His only way forward is thus to immerse himself in the final death throes of the novel, which appeals to his pessimistic outlook and allows him to revel in the bitter-sweet poetics of obsolescence - "things dying can have a voluptuous beauty". At times he resorts to self-pity, though he redeems himself with his dark sense of humour that keeps his spirit afloat.
His caustic wit may be part of the problem. His apparent inability to be a marketable prospect for a publisher is linked to the fact that he is a satirist and his role has somewhat been usurped by stand-up comedians. It is futile for the likes of Ableman to try and compete with that fraternity for the simple reason that if he resorted to becoming an entertainer he would have to assert his presence beyond the page - "the page would no longer be turned".
Ableman's satirical approach isn't just a manifestation of his proclivity for detecting the comic turn in the world's affairs; it lightens the load of his bleak future, which looms in the spectral figure of a homeless man he frequently encounters who is always feverishly filling the pages of a notebook.
That he appears like a latter-day Ernest Hemingway further substantiates the status of the novelist as a societal outcast.
Not surprisingly, this tramp is a source of fascination and anxiety for Ableman, mocking his ambitions but also his inability to write - he's resorted to "mouth-writing", verbose whisperings that echo his crippling state of paralysis.
Despite his drive and ambitions, nothing quite reaches fruition; this is mirrored in the unconsummated affair with his mother-in-law.
There is nothing else for it but to write about writing, another lesson he has gleaned from his writerly hero, Miller, who famously asserted that writers needn't have a topic to address other than the difficulty of writing.
Ableman takes this idea to an extreme, and perhaps gets lost in chronicling the death of writing and reading - the two are interconnected - rather than the nature of writing itself, though perhaps this isn't worth pursuing in this "post-literate" world.
Ironically, this meditation on writing is alienating for those who are not writers.
Everywhere Ableman casts his gaze he is confronted with this "post-literate" world that has rendered his profession irrelevant. It's an unnatural inversion that has caused publishers to be disappointed when writers in their stable produce a new novel.
Jacobson's assessment of the publishing industry - particularly in Britain - is perhaps a little exaggerated, distorted. His achievements are proof; he is not a homeless man scribbling on scraps on a park bench.
In fact he won the Man Booker prize for his previous novel, The Finkler Question, though in a recent interview with The Guardian he confessed that he struggled to secure a publisher for it. Zoo Time has perhaps become a vehicle for resentment caused by the offence to his vanity.

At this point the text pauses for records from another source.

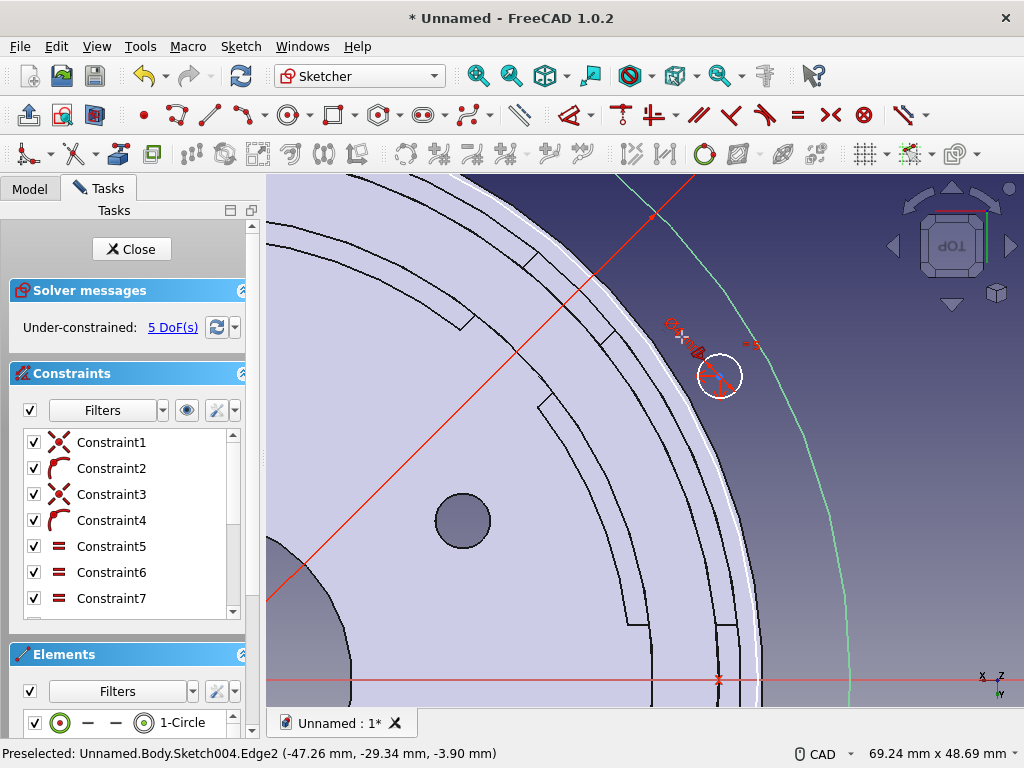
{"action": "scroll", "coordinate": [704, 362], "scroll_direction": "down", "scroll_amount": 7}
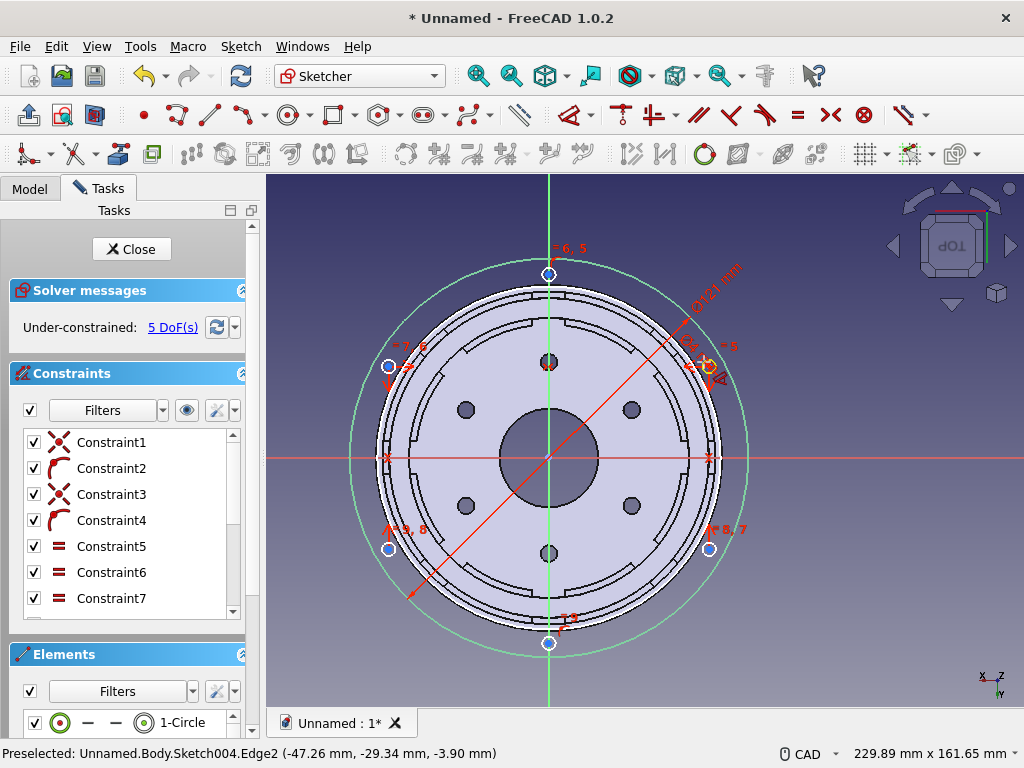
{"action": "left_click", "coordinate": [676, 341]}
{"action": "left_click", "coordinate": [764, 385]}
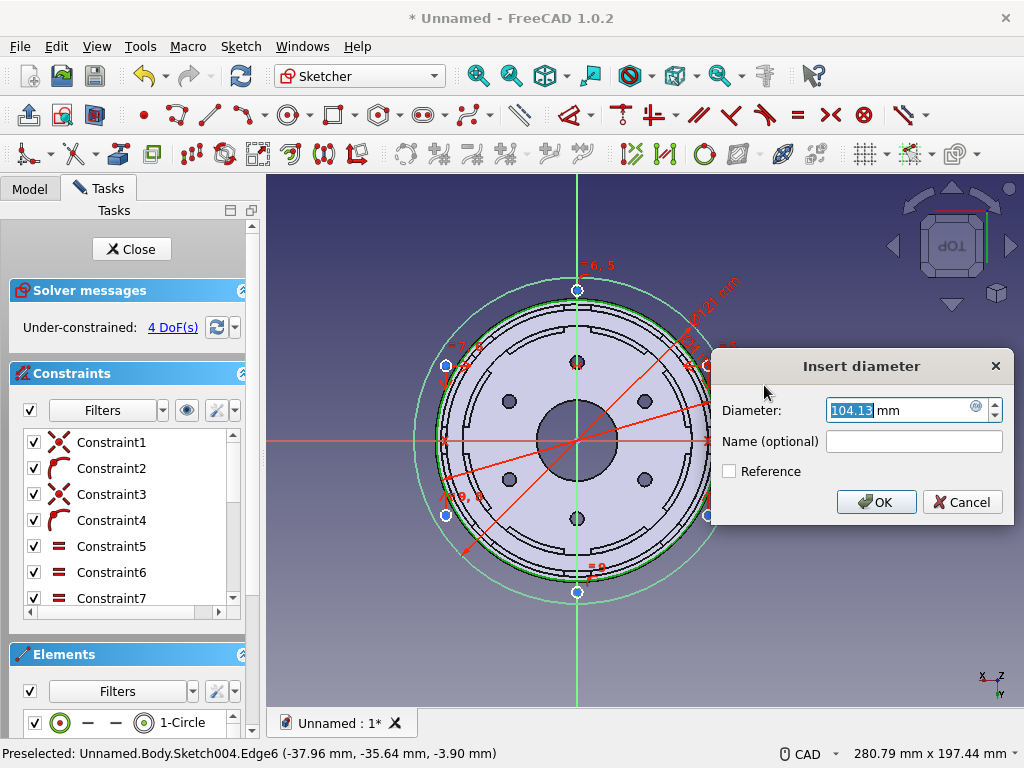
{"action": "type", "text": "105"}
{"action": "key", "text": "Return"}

He avenges the literary community by exposing its contradictions and, more importantly, its superficiality - it is not concerned with producing good literary works.
Ableman carries in equal amounts doubt and vanity. It is what sets him off on a see-saw journey that most writers must negotiate; in equal measures doubt and vanity sustains writing.
His preoccupation with the "post-literate" world feeds both; his work has been rejected because the world has been turned upside down.
Eventually he does produce a novel, though his wife, who has a crude understanding of writing beats him to the punch with a novel of her own, which is lauded and quickly turned into a film.
In this "post-literate" world, the latter is advanced as the goal of novel-writing. Fuelled by curiosity and jealousy, Ableman finally gets a chance to glance at the pages of the tramp's work; there are no words, just zeros. - published April 7, 2013.